Machine learning techniques autonomously identify relevant and interdependent factors in a data 
set given the set of desired metrics to be evaluated: to automatically identify related studies, 
compare data from related studies, or determine linkages between types of data in the same 
study. System-of-systems (SoS) machine learning models have the ability to deal with both 
sparse and heterogeneous data, such as that provided by the small and diverse number of space 
biosciences flight missions; however, they require appropriate user-defined metrics for any given 
data set. Although machine learning in bioinformatics is rapidly expanding, the need to combine 
spaceflight/GBF mission parameters with omics data is unique. 

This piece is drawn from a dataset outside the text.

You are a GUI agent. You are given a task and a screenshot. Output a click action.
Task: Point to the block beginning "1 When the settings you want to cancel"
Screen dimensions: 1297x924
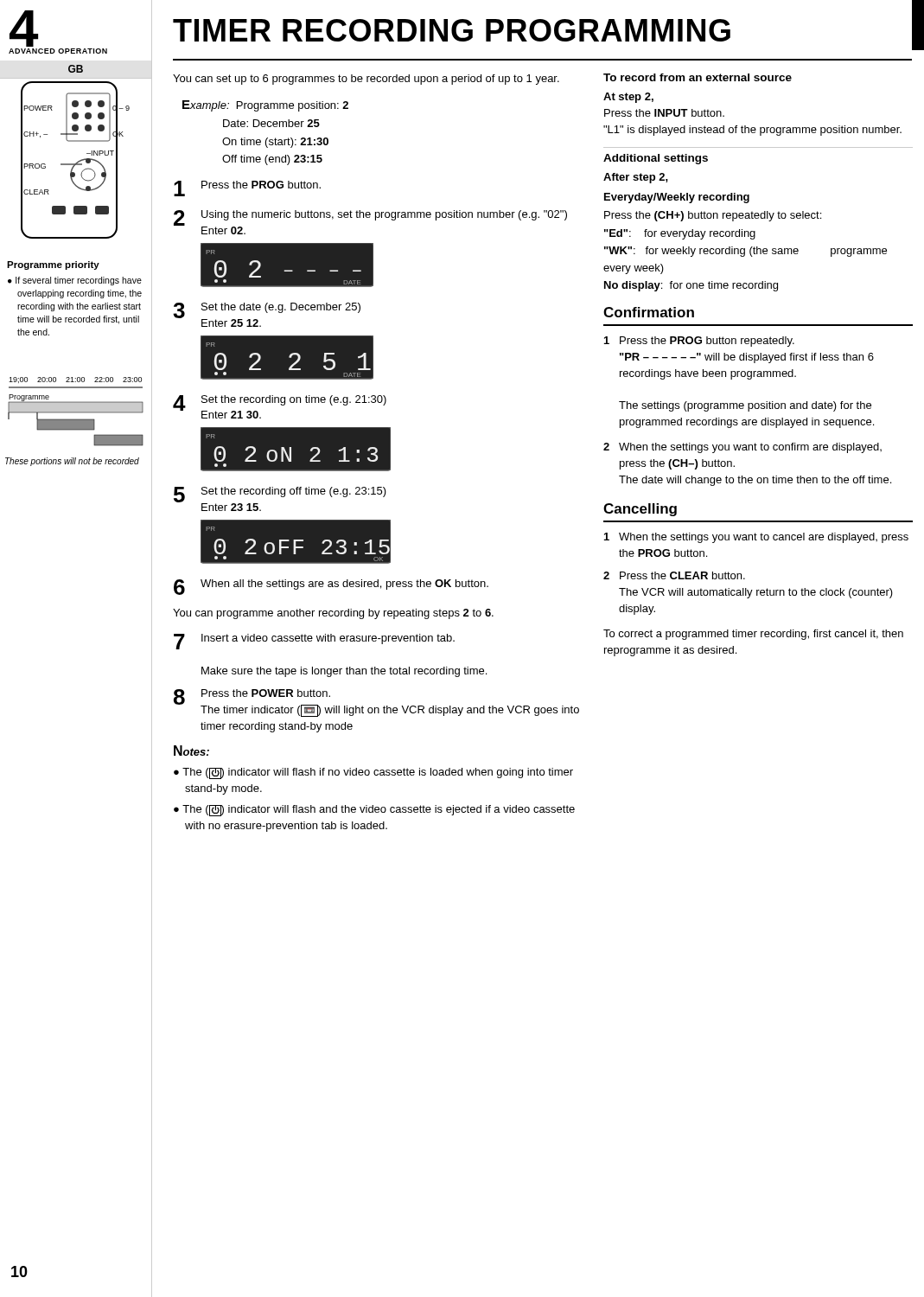(x=758, y=545)

This work characterizes the basic requirements for implementing the SoS approach through the 
System Map (SM) technique, a composite of a dynamic Bayesian network and Gaussian mixture 
model, in real-world repositories such as the GeneLab Data System and Life Sciences Data 
Archive. The three primary steps are metadata management for experimental description using 
open-source ontologies, defining similarity and consistency metrics, and generating testing and 
validation data sets. Such approaches to spaceflight and GBF omics data may soon enable 
unique insight into which measured phenomena correlate to biological mechanisms that are truly 
affected by spaceflight conditions; which are most likely to be confounded by other variables; 
and which are insufficiently characterized, significantly increasing existing and future science 
return from ISS and spaceflight missions.